Like most artists Beezy Bailey has been inspired by other artists who came before him, including Andy Warhol who he met at Warhol’s factory (along with Keith Haring and Jean-Michel Basquiat) in the 1980s. Meeting these American artists cemented Beezy’s determination to be an artist and as he wanted to be a properly trained, he went to a traditional art school in London, the prestigious Byam Shaw School of Art where he learned to draw.

Beezy Bailey is an artist who has always thrived when collaborating with other creatives. He credits South African artist Nelson Makuba with teaching him to carve in wood and outdoors at Boughton are Beezy’s wonderful carved wooden, painted sculptures of an African king and queen. And in addition to making paintings with David Bowie (who he remained in contact with until Bowie’s death in 2016), he has worked with Bowie’s friend and fellow musician Brian Eno and with Dave Matthews. In fact, Beezy’s art is deeply connected to music and his artworks explore the “connection between sound and vision.” He reminds us that the painter Wassily Kandinsky viewed music as the supreme form of abstract art and believed his paintings could communicate certain sounds. “Color is the key. The eye is the hammer. The soul is the piano with its many chords” Kandinsky claimed.

Brian Eno describes Beezy Bailey’s work very well: "he cooks up new worlds, tiny and huge, peopled by bird-women, snake-men, lizard children, and animated vegetables, bursting with bright new music. He makes African jazz in paint, garish as the midday sun, dark as the deepest night." The two artists created music to accompany the paintings they made for their exhibition, ‘The Sound of Creation’ at the Venice Biennale in 2015.

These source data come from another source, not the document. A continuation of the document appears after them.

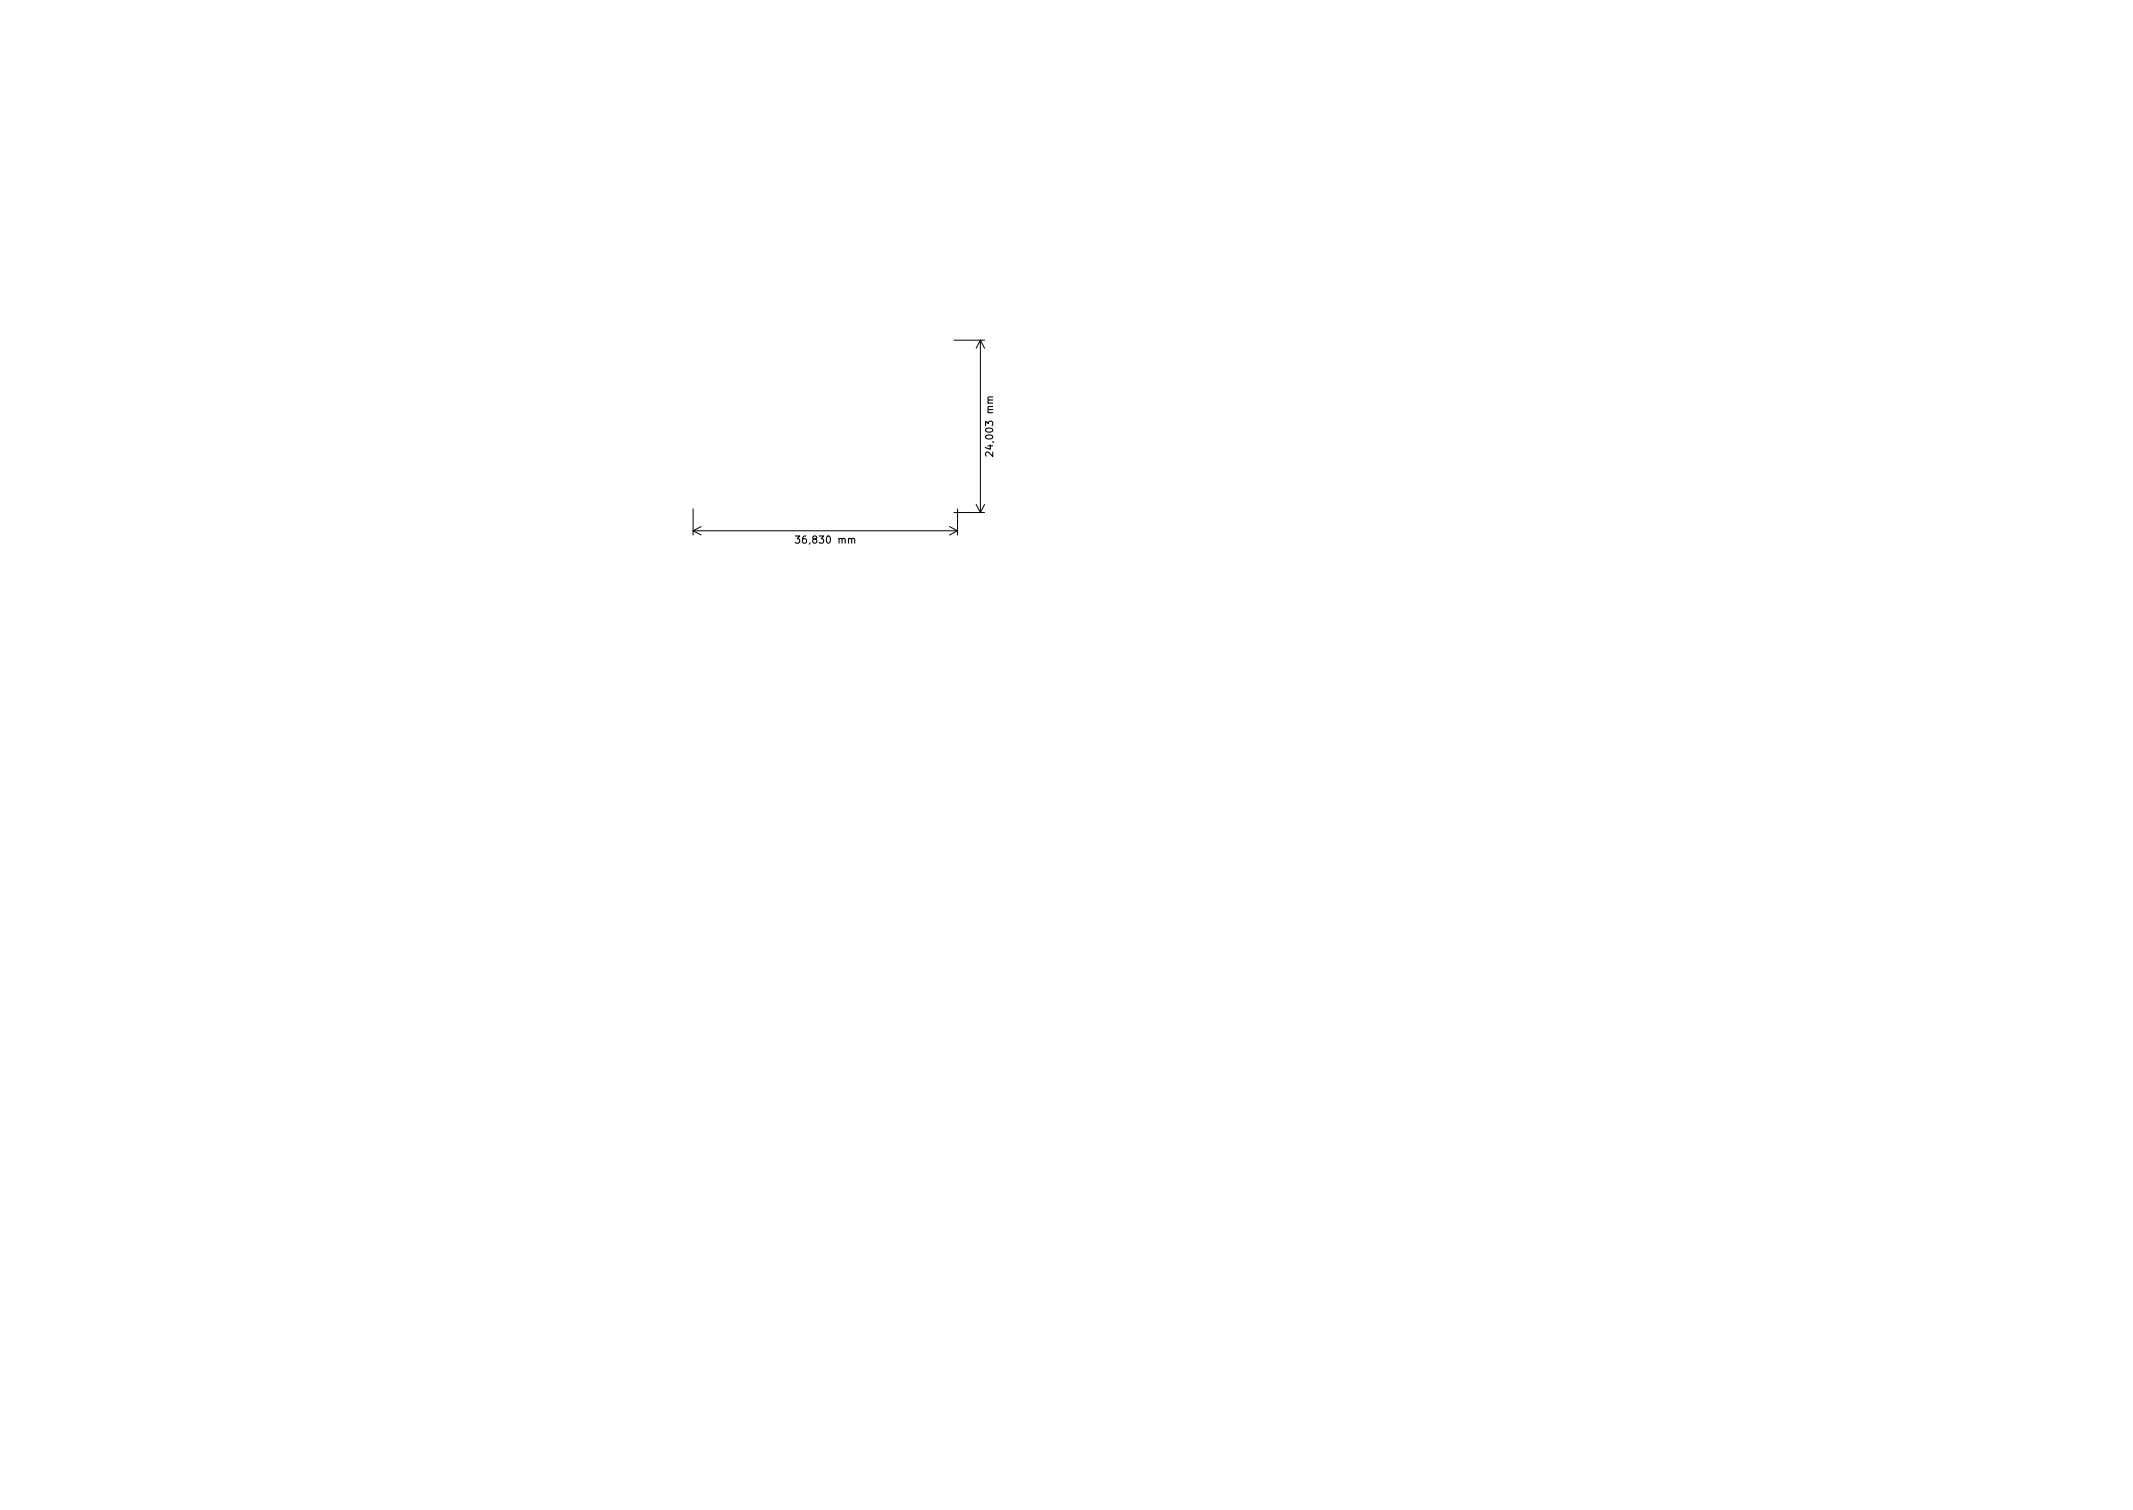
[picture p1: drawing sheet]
<svg xmlns="http://www.w3.org/2000/svg" width="297mm" height="210mm" viewBox="0 0 297 210" stroke-linecap="round" stroke-linejoin="round" font-family="sans-serif">
<defs><g id="words">
<g font-size="1.4">
<text x="138.3" y="62.9" transform="rotate(-90 138.3 62.9)">24,003 mm</text>
<text x="111.4" y="75.7">36,830 mm</text>
</g>
</g></defs>
<path d="M138.2 55.3h-.6v.3l.1 .1M110.7 74.6h.7l-.4 .4 .3 .1v.4l-.1 .1-.5-.1M118.6 75.1l.1-.1h.3v.6M138.2 62.9v.7l-.7-.7-.3 .2 .1 .4" fill="none" stroke="#000" stroke-width=".15"/>
<g fill="none" stroke="#000" stroke-width=".14">
<path d="M132.8 47.4h4.3M136.5 47.4v24M136.5 47.4l.6 1.1M136.5 47.4l-.6 1.1M96.5 73.9h36.8M96.5 70.9v3.6M96.5 73.9l1.1 .6M97.6 73.3l-1.1 .6M132.2 73.3l1.1 .6M132.8 71.4h4.3M133.3 70.9v3.6M133.3 73.9l-1.1 .6"/>
<path d="M135.9 70.2l.6 1.2M137.1 70.2l-.6 1.2"/>
</g>
<use href="#words"/>
</svg>
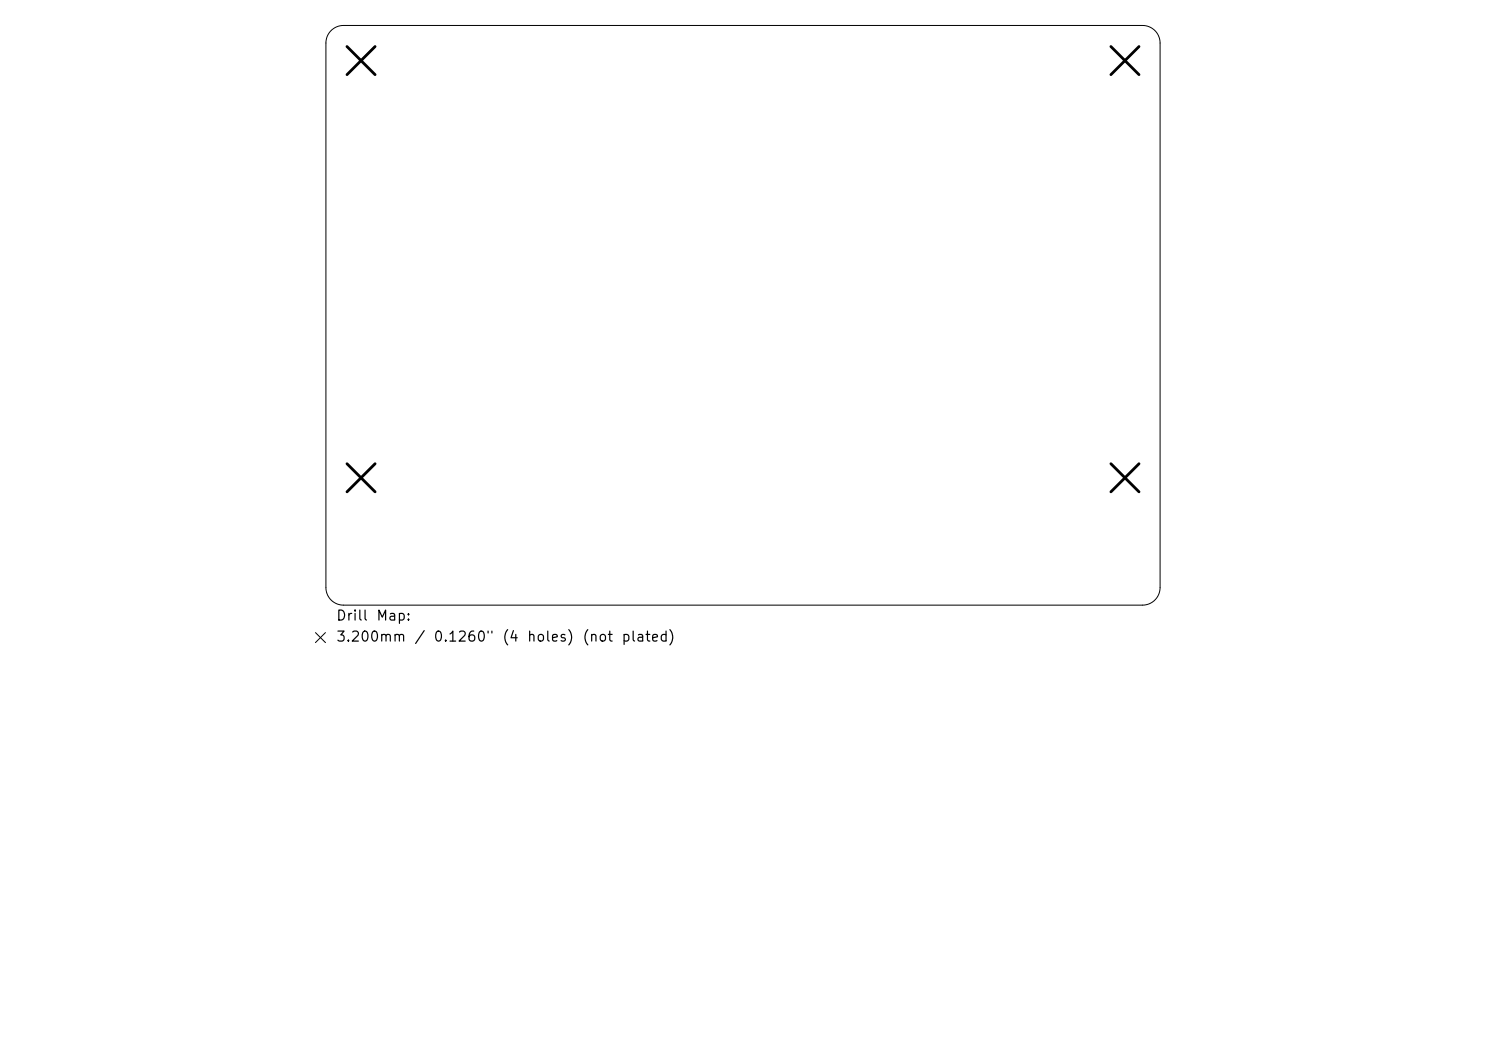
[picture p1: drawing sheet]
<svg xmlns="http://www.w3.org/2000/svg" width="297mm" height="210mm" viewBox="0 0 297 210" stroke-linecap="round" stroke-linejoin="round" font-family="sans-serif">
<defs><g id="words">
<g font-size="2">
<text x="67.1" y="124.5">Drill</text>
<text x="75.1" y="124.5">Map:</text>
<text x="67.1" y="128.7">3.200mm</text>
<text x="82.7" y="128.7">/</text>
<text x="86.5" y="128.7">0.1260&quot;</text>
<text x="100.2" y="128.7">(4</text>
<text x="105.2" y="128.7">holes)</text>
<text x="116.2" y="128.7">(not</text>
<text x="124.1" y="128.7">plated)</text>
</g>
</g></defs>
<path d="M66.2 6.1a3.5 3.5 0 0 1 2.4-1h159.8a3.5 3.5 0 0 1 3.5 3.5v108.8a3.5 3.5 0 0 1-3.5 3.5h-159.8a3.5 3.5 0 0 1-3.5-3.5v-108.8a3.5 3.5 0 0 1 1.1-2.5zM63.1 126.4l2 2M65.1 126.4l-2 2" fill="none" stroke="#000" stroke-width=".2"/>
<path d="M69.4 9.3l5.6 5.6M75 9.3l-5.6 5.6M222 9.3l5.7 5.6M227.7 9.3l-5.7 5.6M69.4 92.7l5.6 5.6M75 92.7l-5.6 5.6M222 92.7l5.7 5.6M227.7 92.7l-5.7 5.6" fill="none" stroke="#000" stroke-width=".56"/>
<use href="#words"/>
</svg>

The works at Boughton House and in the London gallery are eclectic, both in themes and materials used, which include enamel, oil and house paint and varnishes. The paintings show figures within imaginary landscapes yet there is a strong link to Beezy’s South African heritage with near extinct African animals in the paintings and a common motif is spheres representing fallen angels. These fallen angels can be seen as representative of the country Beezy came from as well as of those whose actions have contributed to the problems of our planet as a whole. These fallen angels are transformed into bronze sculptural works reminiscent of Alberto Giacometti, including the upside down angel sculpture on the lawn, in a brilliant Yves Klein blue. Beezy Bailey describes his art as “balm for a mad world” and we can all use some of that.

Beezy Bailey ‘Let There be Light’ at Boughton House, Kettering, Northamptonshire NN14 1BJ and at Everard Read gallery, London until 31 May 2022. The next public open day at Boughton, including the exhibition in the house is Saturday 21st and Sunday 22nd May, 1pm-5pm. Outdoor, the bronze sculptures within the Gardens, Parkland and Landscape can be viewed on Mondays and Tuesdays in May, 1pm-4pm.